After this 20-minute workout you might be thinking, "I don't need to exercise more body parts, right, Jorge? I hit those lower body parts to help me drop 10 pounds and get into my jeans, and I worked my triceps as a bonus." I know that might sound good, but while half of the secret to getting into those jeans is to focus on your trouble zones, the other half of the secret lies in maximizing your resting metabolism. Remember, increasing your overall amount of lean muscle tissue is the key to burning fat all over your body. Since you have lean muscle everywhere, you've got to work all those different muscle groups: There are muscles in your back, chest, biceps, and shoulders that we will focus on. Neglecting these other parts will not allow you to achieve the best results. That's why on day two you will hit back and biceps, which I recommend you do on a Wednesday. And then on day three, which ideally will be a Friday, you will work your chest and shoulders.
By following this three-day structure, you will be revving your resting metabolism to its maximum and sculpting those trouble zones most effectively. And as a major bonus you will be creating beautiful, balanced symmetry in your body. You will truly look and feel your sexiest.
Step 2: Your Life Priority
The second part of the Priority Solution(tm) is what I call the "Women's Life Priority." The key is to empower yourself from the inside. The only way you will truly transform your body in 14 days is by being consistent. The customized 20-minute workouts won't be beneficial unless you do them consistently. That means sticking to the workouts on Mondays, Wednesdays, and Fridays for two weeks-at least. Committing to exercise for two weeks, even from home, can be extremely challenging if you are not prepared and your inner drive is not turned on. So get ready to discover my secret for creating a powerful and positive inner edge that will help you achieve success quickly and, perhaps even more important, help draw you toward long- term success.

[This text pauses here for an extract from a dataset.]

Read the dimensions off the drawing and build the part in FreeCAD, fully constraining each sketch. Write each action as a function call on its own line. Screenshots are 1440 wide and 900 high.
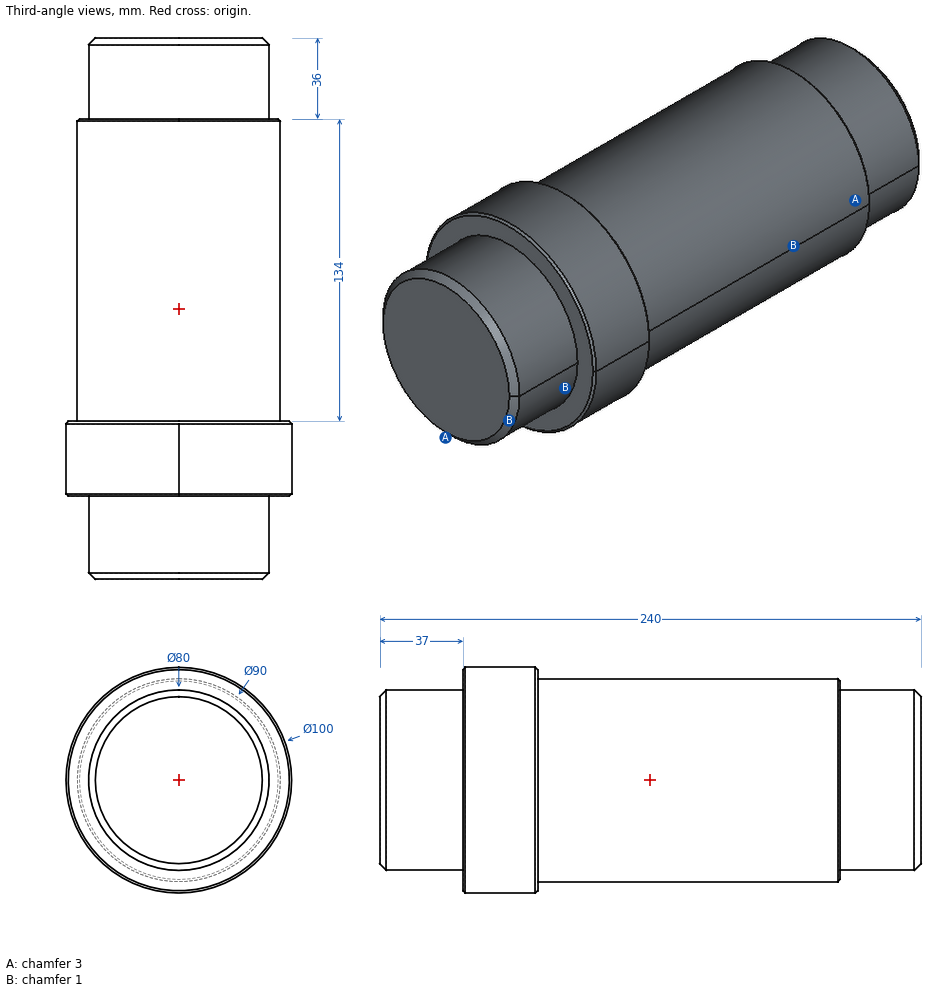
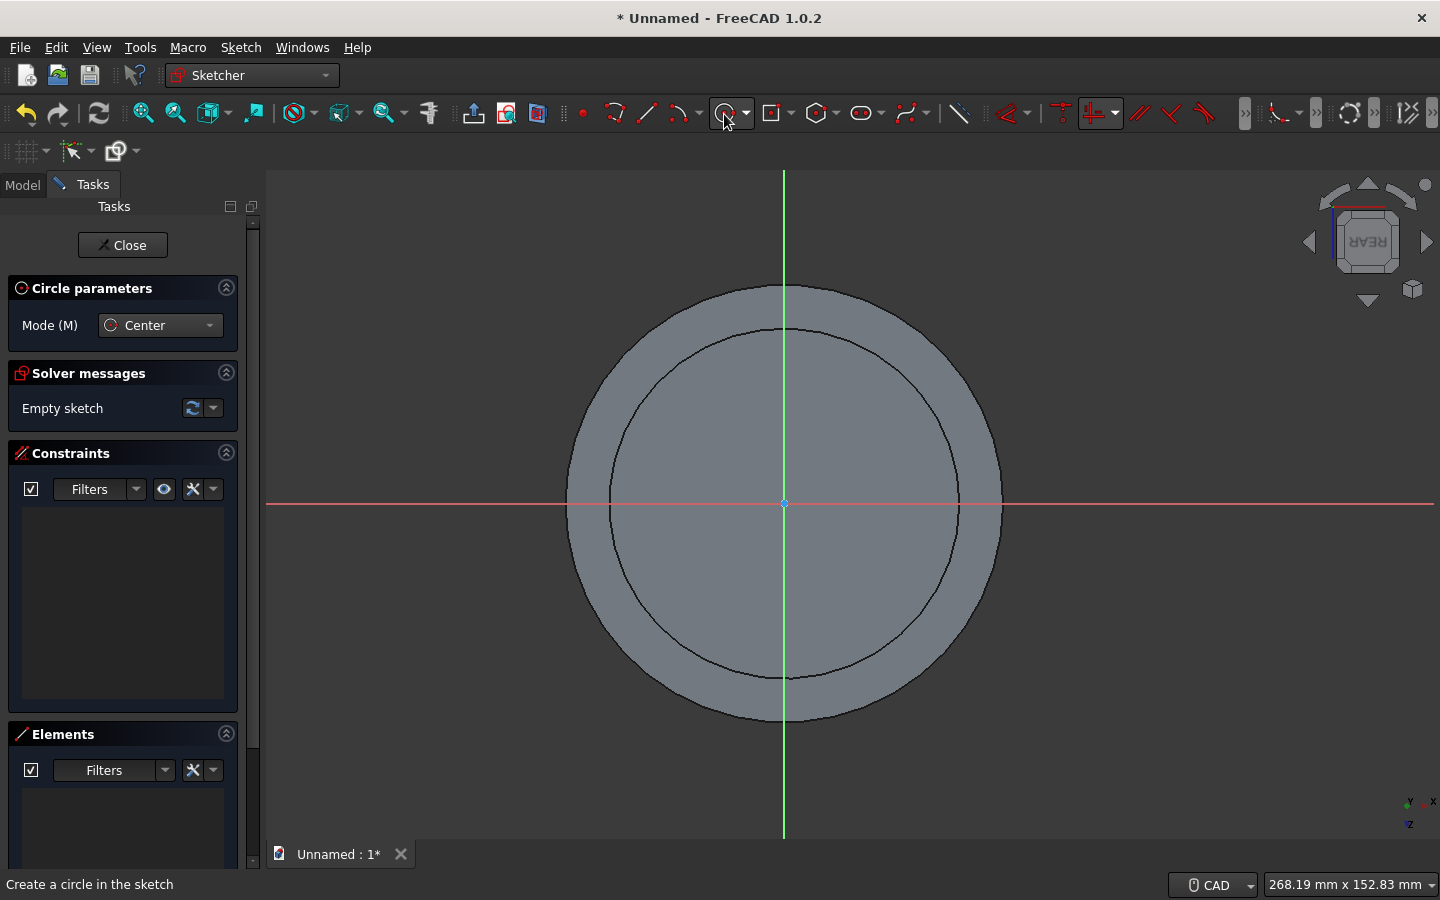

How does it work? In ten-plus years of working with a mainly female clientele, I have discovered that one of the best methods to empower a woman is to create a customized "key" to unlock the door to her critical inner drive. While that key may be different for every woman, there are shared goals or obstacles that women face at different stages in their lives. It's difficult to generalize, but chances are if you are in your twenties, your priorities are likely to be very different from the priorities of someone who is in her forties or fifties. Customized direction reflecting these core differences will help you create and maintain a strong inner drive.